ANAHEIM, Calif.--Iteris, Inc. (AMEX:ITI), a leader in vision-based technologies and Intelligent Transportation Systems that optimize traffic flow and enhance driver safety, today reported financial results for the second fiscal quarter ended September 30, 2006.

For the second quarter ended September 30, 2006, Iteris, Inc. (the Company) reported net sales and contract revenues of $14.5 million, representing a 13.8 percent increase compared to net sales and contract revenues of $12.7 million in the second quarter of the prior fiscal year. The increase from the prior year quarter was a result of a 20.0 percent increase in sales of Roadway Sensor video detection products, an 8.5 percent increase in revenues from Systems consulting services, and an 8.5 percent increase in Automotive Sensor revenues.

Gross profit as a percentage of total net sales and contract revenues for the quarter was 41.2 percent which is consistent with margins reported in the previous two quarters. Operating expenses during the quarter were $4.8 million representing a decrease of 12.4 percent from $5.5 million in the prior year period. This decrease was mainly as a result of a decline in research and development expenses. Research and development expenses in the prior year quarter included activities related to new product launches in both Roadway and Automotive Sensors. Additionally, the decrease in research and development expenses was a result of a shift in engineering resources from development activities to product support activities incurred as a result of new product releases. The Company records product support activities as a cost of goods sold.

The Company reported operating income of $1.1 million for the quarter ended September 30, 2006 compared to an operating loss of $(66,000) in the second quarter of the prior fiscal year. Net income for the quarter ended September 30, 2006 was $732,000, or $0.03 per share compared to a net loss of $(155,000) or $(0.01) per share in the second quarter of the prior fiscal year.

For the six months ended September 30, 2006, net sales and contract revenues were $28.3 million or an increase of 14.1 percent compared to net sales and contract revenues of $24.8 million in the corresponding period of the prior fiscal year. Operating income for the six months ended September 30, 2006 was $1.9 million compared to a loss of $(384,000) in the corresponding period of the prior fiscal year. The Company reported net income of $1.0 million or $0.04 per share for the six months ended September 30, 2006 compared to a net loss of $(881,000) or $(0.03) per share for the corresponding period in the prior fiscal year.

I am particularly pleased with the progress the Company has made over the last quarter in terms of our operations and our financial position, commented Jack Johnson, the Companys President and Chief Executive Officer.
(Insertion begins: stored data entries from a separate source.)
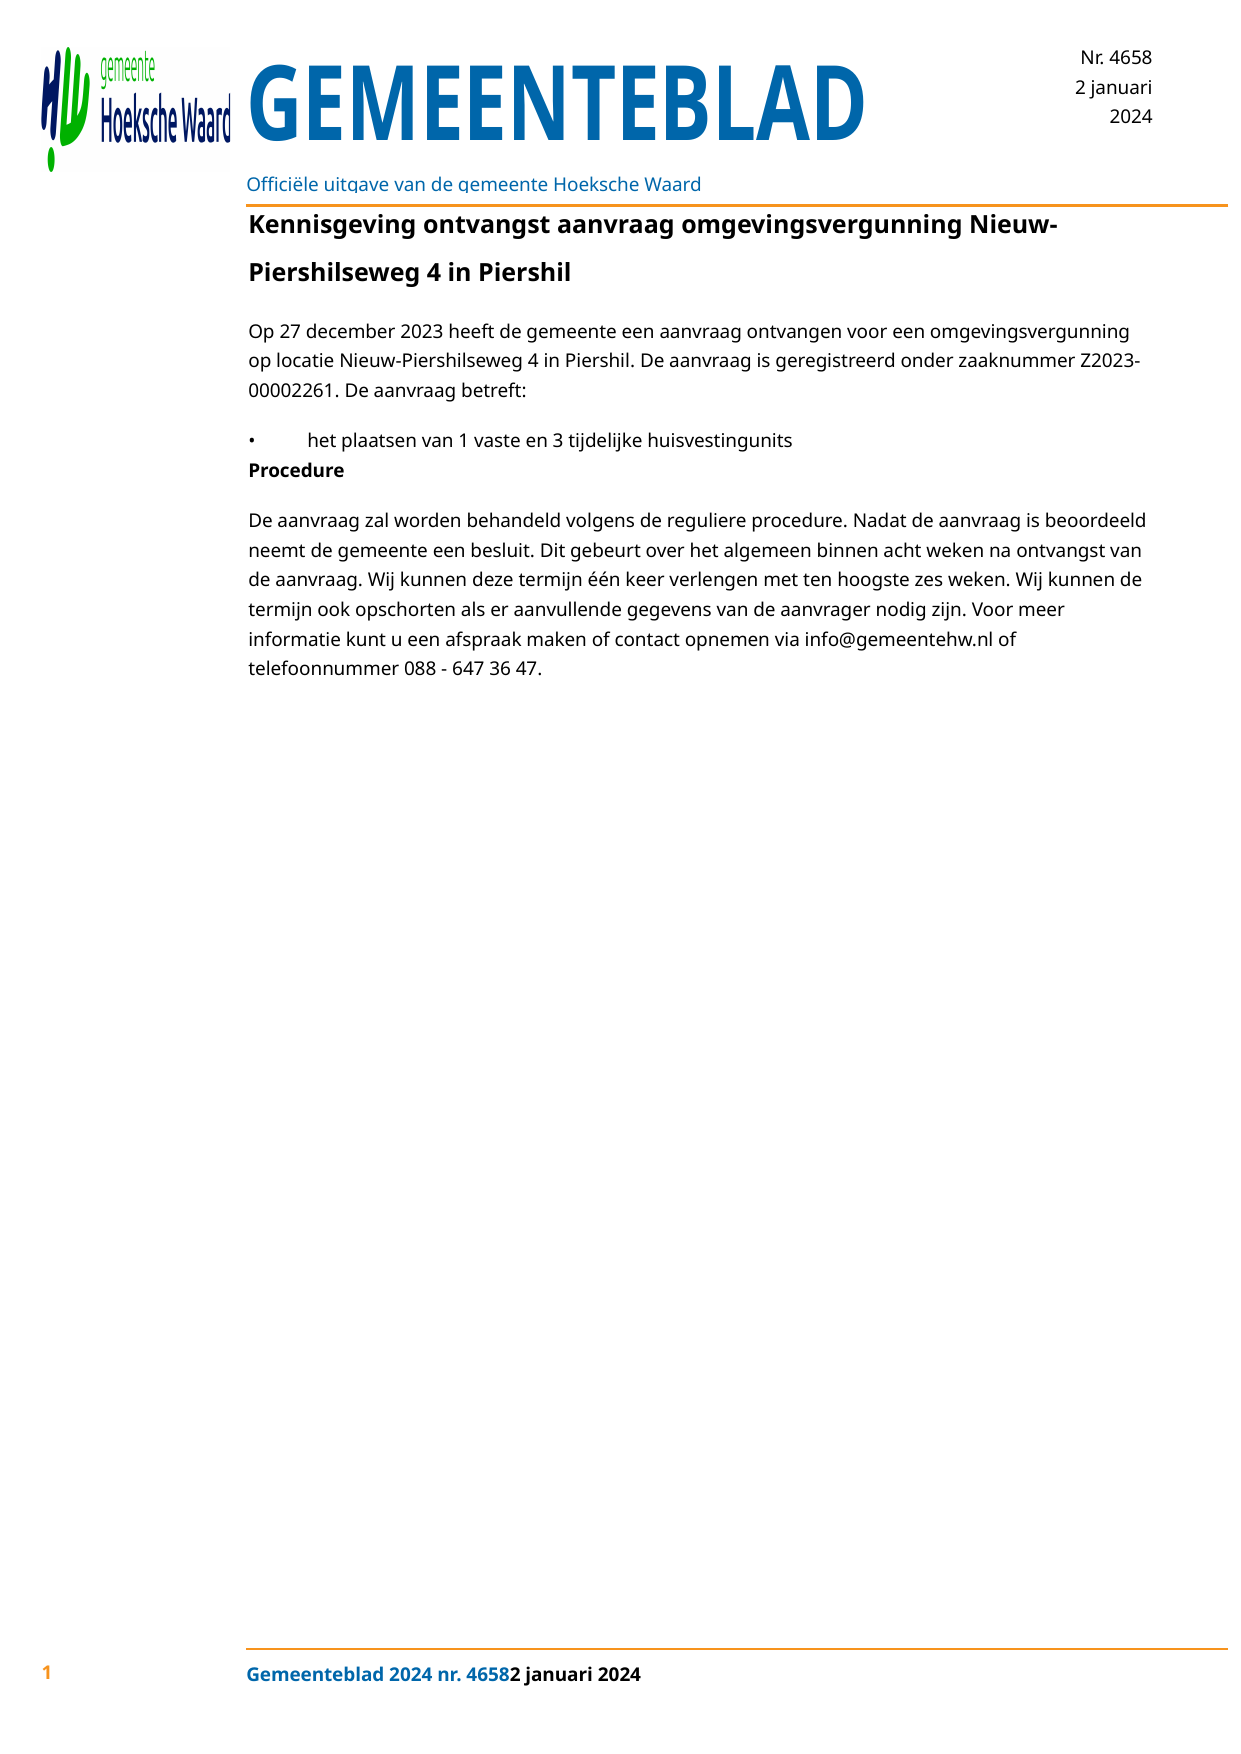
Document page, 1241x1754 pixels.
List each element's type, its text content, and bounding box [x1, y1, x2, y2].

text Procedure [248, 457, 1152, 483]
text Op 27 december 2023 heeft de gemeente een aanvraag ontvangen voor een omgevingsvergunning op locatie Nieuw-Piershilseweg 4 in Piershil. De aanvraag is geregistreerd onder zaaknummer Z2023-00002261. De aanvraag betreft: [248, 318, 1152, 403]
picture [41, 47, 231, 172]
list het plaatsen van 1 vaste en 3 tijdelijke huisvestingunits [248, 427, 1152, 453]
text De aanvraag zal worden behandeld volgens de reguliere procedure. Nadat de aanvraag is beoordeeld neemt de gemeente een besluit. Dit gebeurt over het algemeen binnen acht weken na ontvangst van de aanvraag. Wij kunnen deze termijn één keer verlengen met ten hoogste zes weken. Wij kunnen de termijn ook opschorten als er aanvullende gegevens van de aanvrager nodig zijn. Voor meer informatie kunt u een afspraak maken of contact opnemen via info@gemeentehw.nl of telefoonnummer 088 - 647 36 47. [248, 507, 1152, 681]
text Kennisgeving ontvangst aanvraag omgevingsvergunning Nieuw-Piershilseweg 4 in Piershil [248, 207, 1152, 288]
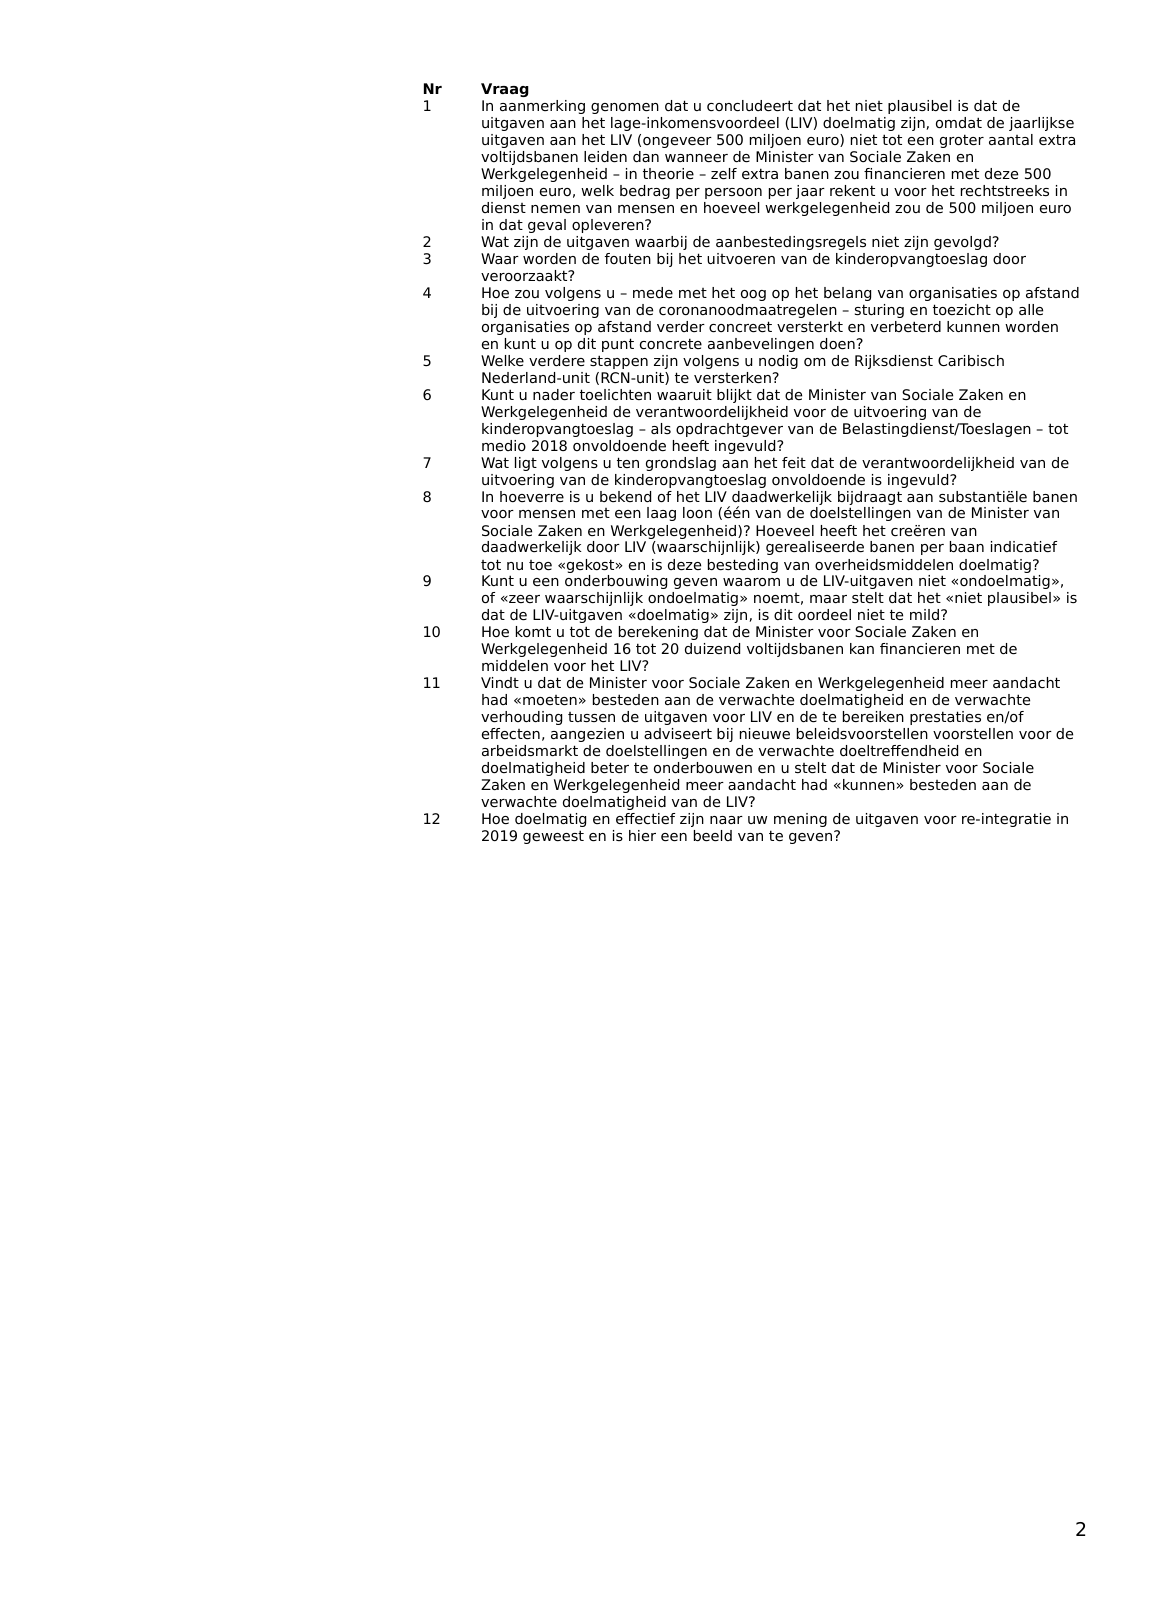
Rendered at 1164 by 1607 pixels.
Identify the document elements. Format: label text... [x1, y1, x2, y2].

table_cell Hoe komt u tot de berekening dat de Minister voor Sociale Zaken en Werkgelegenheid 16 tot 20 duizend voltijdsbanen kan financieren met de middelen voor het LIV? [475, 624, 1087, 675]
table_cell Hoe doelmatig en effectief zijn naar uw mening de uitgaven voor re-integratie in 2019 geweest en is hier een beeld van te geven? [475, 811, 1087, 845]
table_header Nr [422, 81, 475, 98]
table_header Vraag [475, 81, 1087, 98]
table_cell In aanmerking genomen dat u concludeert dat het niet plausibel is dat de uitgaven aan het lage-inkomensvoordeel (LIV) doelmatig zijn, omdat de jaarlijkse uitgaven aan het LIV (ongeveer 500 miljoen euro) niet tot een groter aantal extra voltijdsbanen leiden dan wanneer de Minister van Sociale Zaken en Werkgelegenheid – in theorie – zelf extra banen zou financieren met deze 500 miljoen euro, welk bedrag per persoon per jaar rekent u voor het rechtstreeks in dienst nemen van mensen en hoeveel werkgelegenheid zou de 500 miljoen euro in dat geval opleveren? [475, 98, 1087, 234]
table_cell 3 [422, 251, 475, 285]
table_cell 9 [422, 573, 475, 624]
table_cell 8 [422, 489, 475, 573]
table_cell 1 [422, 98, 475, 234]
table_cell 7 [422, 455, 475, 488]
table_cell Kunt u nader toelichten waaruit blijkt dat de Minister van Sociale Zaken en Werkgelegenheid de verantwoordelijkheid voor de uitvoering van de kinderopvangtoeslag – als opdrachtgever van de Belastingdienst/Toeslagen – tot medio 2018 onvoldoende heeft ingevuld? [475, 387, 1087, 454]
table_cell Wat zijn de uitgaven waarbij de aanbestedingsregels niet zijn gevolgd? [475, 234, 1087, 251]
table_cell 12 [422, 811, 475, 845]
table_cell 5 [422, 353, 475, 387]
table_cell 2 [422, 234, 475, 251]
table_cell 6 [422, 387, 475, 454]
table_cell Wat ligt volgens u ten grondslag aan het feit dat de verantwoordelijkheid van de uitvoering van de kinderopvangtoeslag onvoldoende is ingevuld? [475, 455, 1087, 488]
table_cell In hoeverre is u bekend of het LIV daadwerkelijk bijdraagt aan substantiële banen voor mensen met een laag loon (één van de doelstellingen van de Minister van Sociale Zaken en Werkgelegenheid)? Hoeveel heeft het creëren van daadwerkelijk door LIV (waarschijnlijk) gerealiseerde banen per baan indicatief tot nu toe «gekost» en is deze besteding van overheidsmiddelen doelmatig? [475, 489, 1087, 573]
table_cell Hoe zou volgens u – mede met het oog op het belang van organisaties op afstand bij de uitvoering van de coronanoodmaatregelen – sturing en toezicht op alle organisaties op afstand verder concreet versterkt en verbeterd kunnen worden en kunt u op dit punt concrete aanbevelingen doen? [475, 285, 1087, 353]
table_cell 10 [422, 624, 475, 675]
table_cell Waar worden de fouten bij het uitvoeren van de kinderopvangtoeslag door veroorzaakt? [475, 251, 1087, 285]
table_cell 4 [422, 285, 475, 353]
table_cell Vindt u dat de Minister voor Sociale Zaken en Werkgelegenheid meer aandacht had «moeten» besteden aan de verwachte doelmatigheid en de verwachte verhouding tussen de uitgaven voor LIV en de te bereiken prestaties en/of effecten, aangezien u adviseert bij nieuwe beleidsvoorstellen voorstellen voor de arbeidsmarkt de doelstellingen en de verwachte doeltreffendheid en doelmatigheid beter te onderbouwen en u stelt dat de Minister voor Sociale Zaken en Werkgelegenheid meer aandacht had «kunnen» besteden aan de verwachte doelmatigheid van de LIV? [475, 675, 1087, 811]
table_cell 11 [422, 675, 475, 811]
table_cell Kunt u een onderbouwing geven waarom u de LIV-uitgaven niet «ondoelmatig», of «zeer waarschijnlijk ondoelmatig» noemt, maar stelt dat het «niet plausibel» is dat de LIV-uitgaven «doelmatig» zijn, is dit oordeel niet te mild? [475, 573, 1087, 624]
table_cell Welke verdere stappen zijn volgens u nodig om de Rijksdienst Caribisch Nederland-unit (RCN-unit) te versterken? [475, 353, 1087, 387]

The revenue growth we experienced across all three divisions, coupled with lower operating expenses enabled the Company to significantly improve its profitability and demonstrate positive cash flow. We have also made great strides to improve our balance sheet by raising $2.0 million through the early exercise of outstanding warrants while in parallel entering into a new $8.0 million credit facility which is expected to considerably increase our borrowing capacity.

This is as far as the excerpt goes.